So, if your idea of a bad legacy feature that came to C++ from C is the existence of both the struct and class keywords, I would advise studying programming languages more before hoping to write a good one yourself.
(There are much, much worse things that came to C++ via C backwards compatibility)
I can give some critiques on your original plan. In large applications, the ideal situation is that you can work out what each module depends upon. This is useful because you want to only get the subset of your total collection of libraries that you actually need.
Another issue is that splitting things into these three -- OS provided, 3rd party installed with operating system, and internal -- well, it betrays a pretty UNIX-esque mindset. Similarly, no local dynamic library support?
Another big issue is being able to compile for the state that existed in the past, instead of the present. So with a different set of library bindings than your system presumes. And, sometimes, doing two compiles at once with different "3rd party" libraries. There is also compiling without being root, and wanting to install 3rd party libraries.

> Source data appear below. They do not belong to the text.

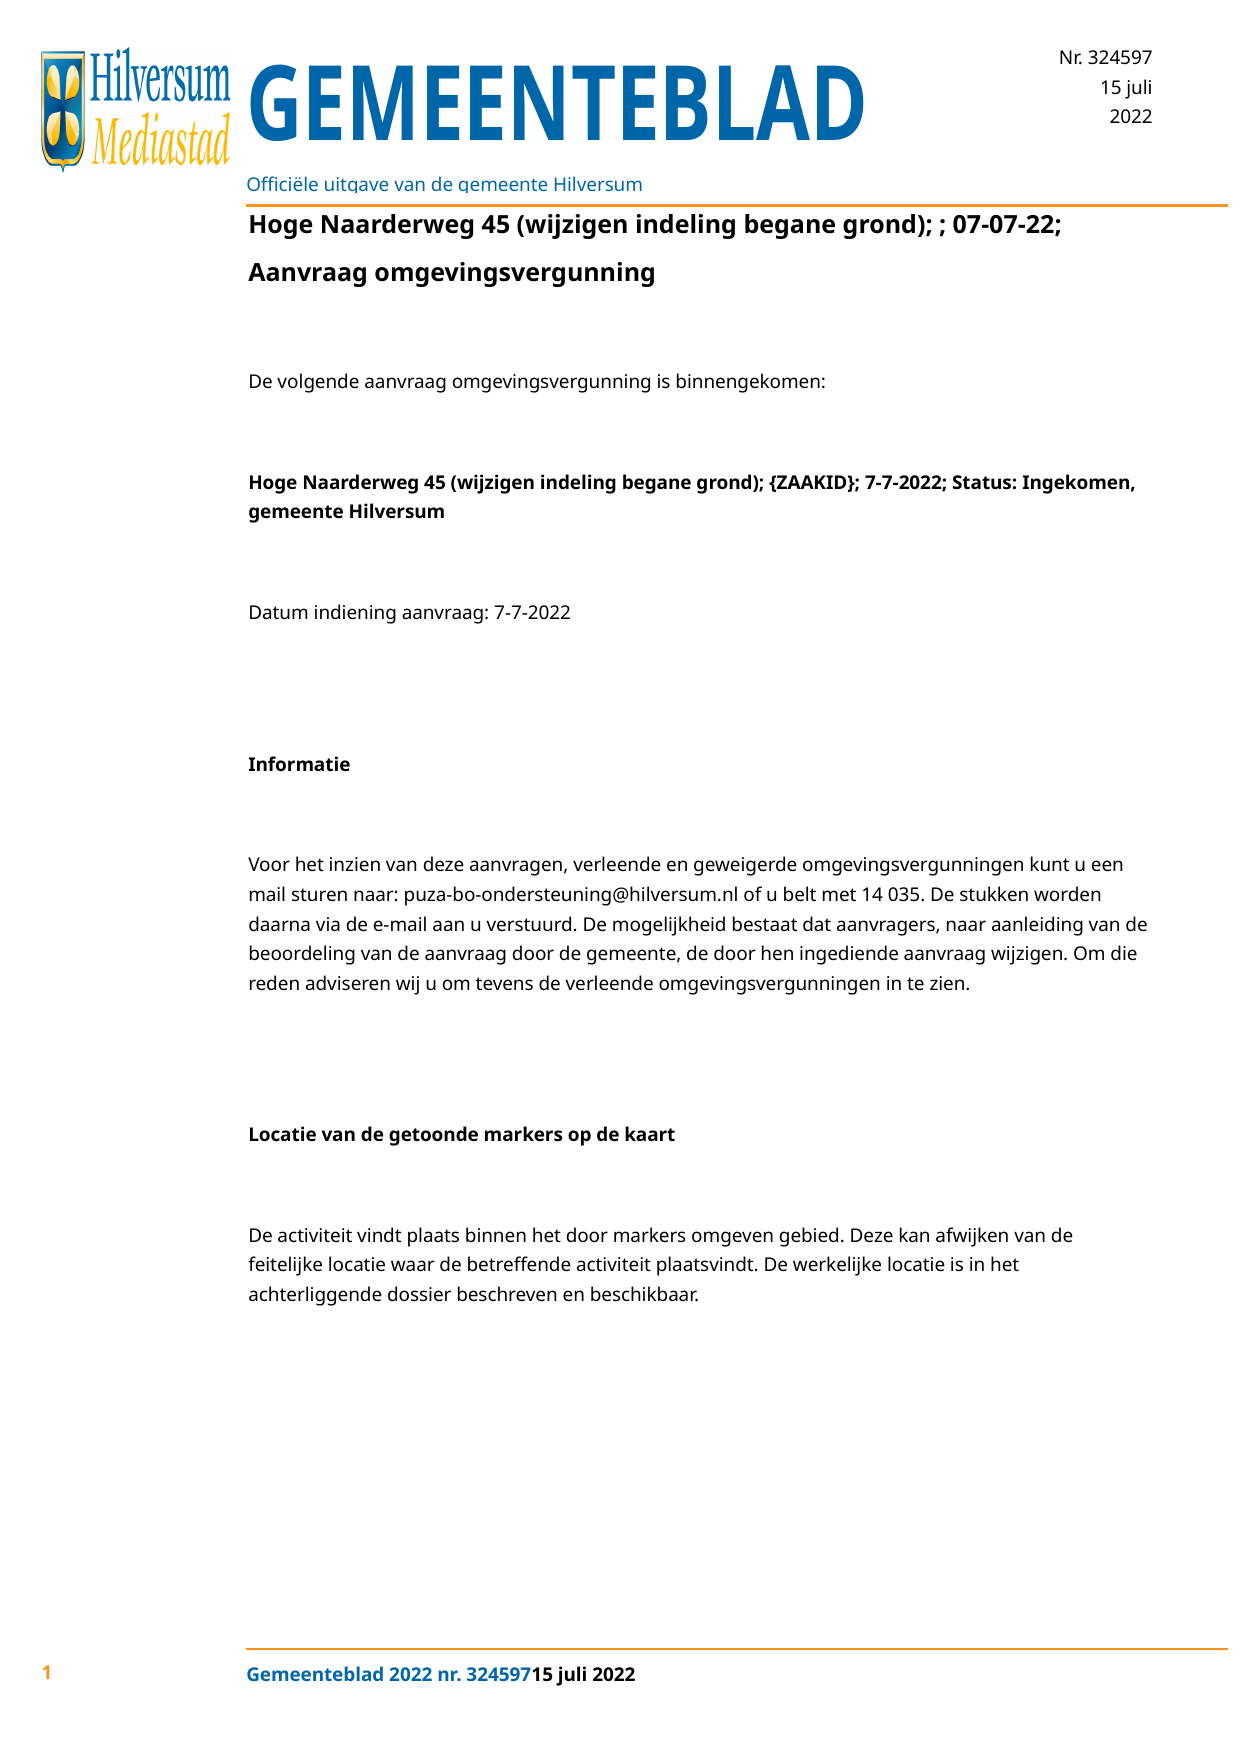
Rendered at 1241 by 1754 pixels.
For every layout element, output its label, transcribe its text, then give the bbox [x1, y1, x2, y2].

text Datum indiening aanvraag: 7-7-2022 [248, 599, 1152, 625]
text De activiteit vindt plaats binnen het door markers omgeven gebied. Deze kan afwijken van de feitelijke locatie waar de betreffende activiteit plaatsvindt. De werkelijke locatie is in het achterliggende dossier beschreven en beschikbaar. [248, 1222, 1152, 1307]
text Hoge Naarderweg 45 (wijzigen indeling begane grond); ; 07-07-22; Aanvraag omgevingsvergunning [248, 207, 1152, 288]
text Locatie van de getoonde markers op de kaart [248, 1121, 1152, 1147]
text Informatie [248, 751, 1152, 777]
picture [41, 47, 231, 172]
text Hoge Naarderweg 45 (wijzigen indeling begane grond); {ZAAKID}; 7-7-2022; Status: Ingekomen, gemeente Hilversum [248, 469, 1152, 524]
text De volgende aanvraag omgevingsvergunning is binnengekomen: [248, 368, 1152, 394]
text Voor het inzien van deze aanvragen, verleende en geweigerde omgevingsvergunningen kunt u een mail sturen naar: puza-bo-ondersteuning@hilversum.nl of u belt met 14 035. De stukken worden daarna via de e-mail aan u verstuurd. De mogelijkheid bestaat dat aanvragers, naar aanleiding van de beoordeling van de aanvraag door de gemeente, de door hen ingediende aanvraag wijzigen. Om die reden adviseren wij u om tevens de verleende omgevingsvergunningen in te zien. [248, 852, 1152, 996]

Resources become interesting, because either they are just files that get "magically compiled in", or they require a rich programming language themselves to describe how they become data (which is how many low level languages handle it -- it becomes vendor-specific magic), or they easily tie you to specific formats. Resource compilation doesn't use additional tools for kicks.

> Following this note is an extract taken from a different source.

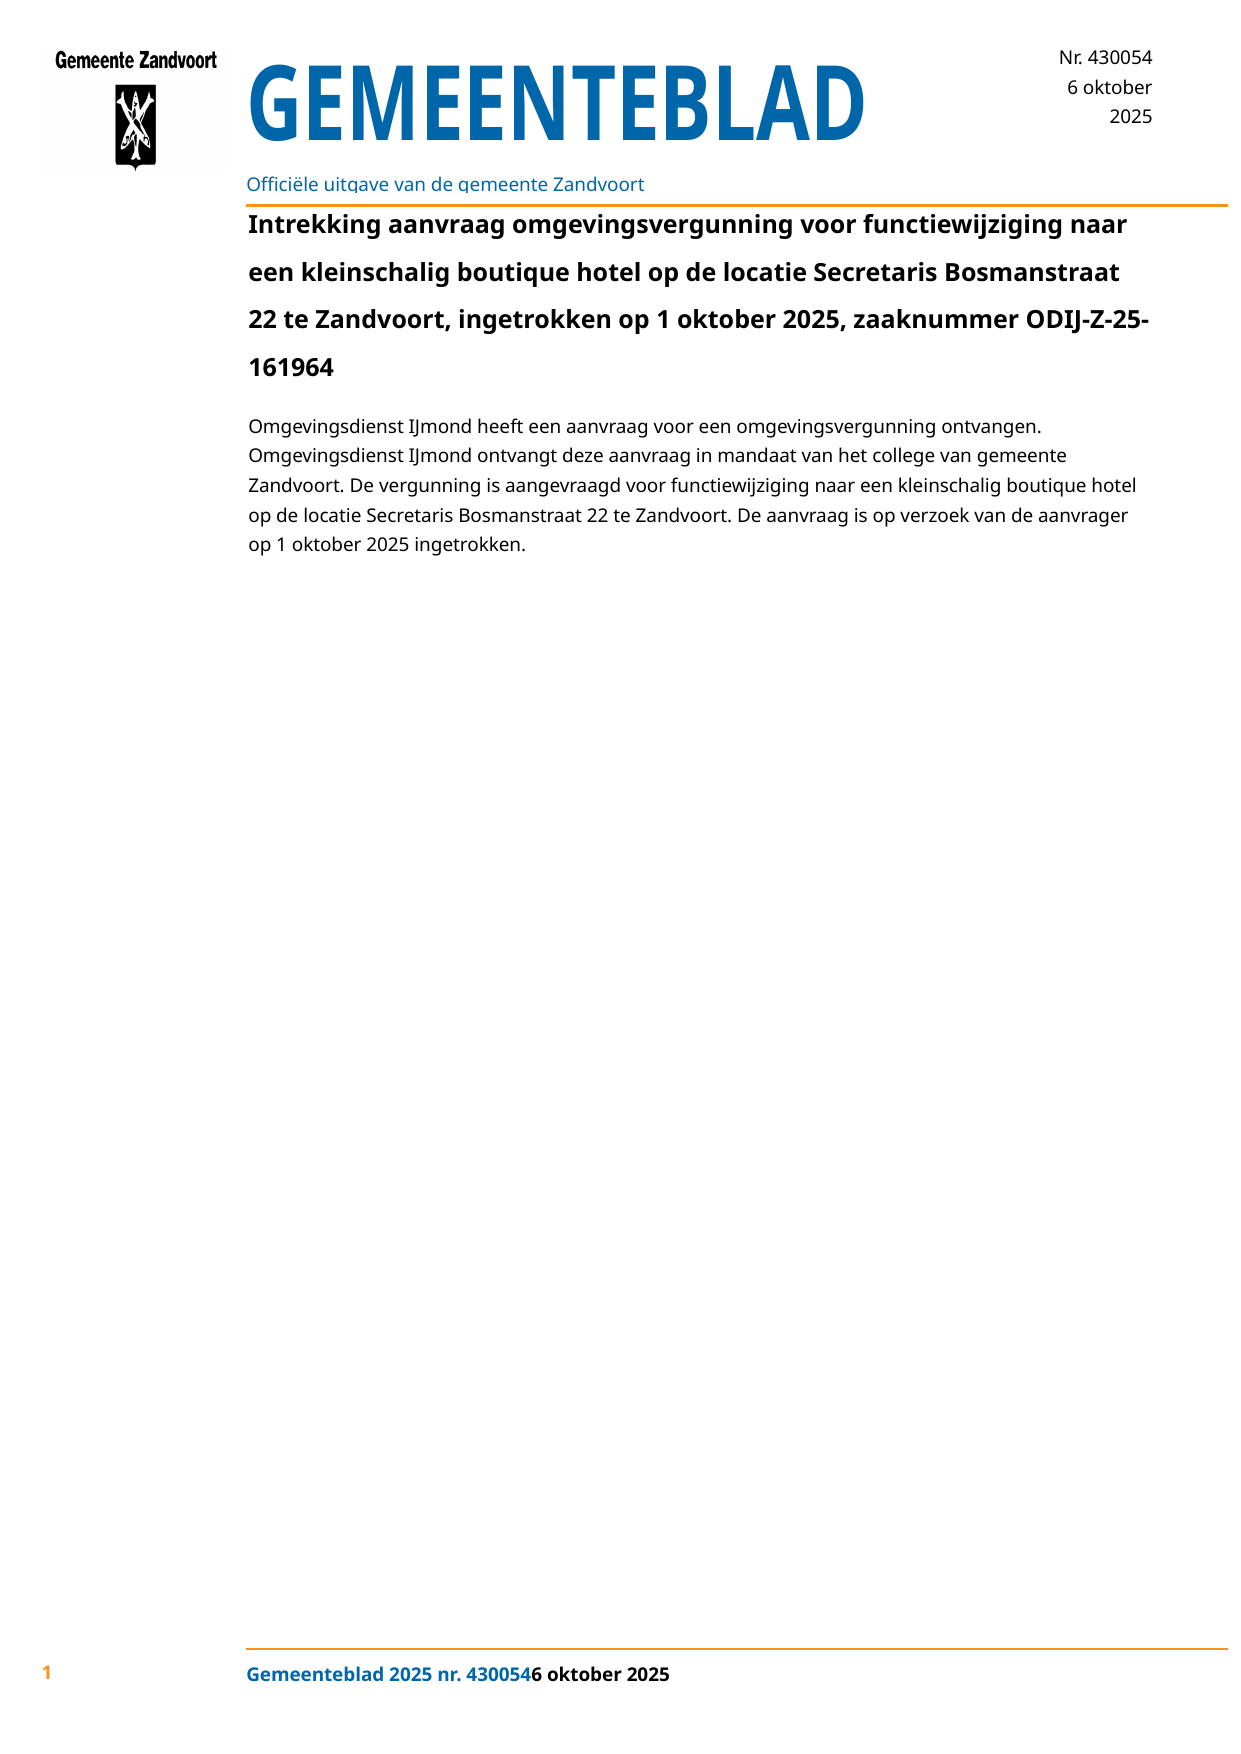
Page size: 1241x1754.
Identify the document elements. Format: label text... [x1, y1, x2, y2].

picture [41, 47, 231, 172]
text Omgevingsdienst IJmond heeft een aanvraag voor een omgevingsvergunning ontvangen. Omgevingsdienst IJmond ontvangt deze aanvraag in mandaat van het college van gemeente Zandvoort. De vergunning is aangevraagd voor functiewijziging naar een kleinschalig boutique hotel op de locatie Secretaris Bosmanstraat 22 te Zandvoort. De aanvraag is op verzoek van de aanvrager op 1 oktober 2025 ingetrokken. [248, 413, 1152, 557]
text Intrekking aanvraag omgevingsvergunning voor functiewijziging naar een kleinschalig boutique hotel op de locatie Secretaris Bosmanstraat 22 te Zandvoort, ingetrokken op 1 oktober 2025, zaaknummer ODIJ-Z-25-161964 [248, 207, 1152, 384]

Note that release vs debug is an example of a situation where you want the same source tree to build two completely different things. Which means your YAML files need to generate different compiler options based on what arguments from "higher up the chain" are being passed down.
I don't see much in the way of detail splitting interface from implementation. I presume you are going with some kind of module based system? (where the source code details its interface, as opposed to C/C++ textual substitution?)
Another problem lies with huge codebases, where a namespace ends up being rather crowded. Being able to (say) split your interface from your implementation would be nice, but under your system that requires that your implementation be in a different namespace.
I'd want to back up the tool chain a moment, and think about a build process.
The ideal build process, to me, consists of you sitting down at a virgin machine, and saying "I want to build foo".
You go to your source code repository, and you query for foo. You want to be able to ask foo "what else do you need?", and be able to recursively get everything that foo needs.
It would be difficult under your system of organization to make foo's needs be more fine grained than the level of "entire namespaces". Foo doesn't need all of boost -- foo needs a particular class from boost, and everything required to work with that class. I suppose in your system, you'd require boost::shared_ptr, which would be its own namespace? Or you'd have to solve the dependency problem (what files do you depend on) using a completely orthogonal system. Which would be a shame.
In my ideal build chain, working out what a given module requires should require a relatively quick parsing of the module's files (which could be cached), not a full compilation. And from what a given module requires, you can work out what other modules it requires.
There are a few kinds of dependency in my prior experience with something like the above. There are interface dependencies, and build dependencies. You can depend on the other project to be fully built first, or you could just require that you have access to their interface. (Ie, you might use something that they define in their interface for interoperability, but never actually call their functions). There is library, and dynamic, dependency, which behave differently. (and, for development and other reasons, dynamic dependency must be below OS level: you need
to be able to test your dynamic libraries without trashing your system. Dynamic libraries when you are building a large project let multiple executables share the same binary code, and allow delay loading of code, and allow you to have modular things like tools that you load at run time, possibly produced by 3rd parties).
If there isn't an explicit separation between modules and namespaces, the above doesn't work as well. Organization-wise, it seems much nicer for (say) the tools of the boost library to be in namespace boost, instead of them being all in sub-namespaces of boost. At the same time, the modules (in C++, header files) are distinct, and wanting one of them doesn't mean you want all of them. I suppose forcing your modules to each be in their own namespace is an option, but be careful when you make decisions like this, it might be overly awkward.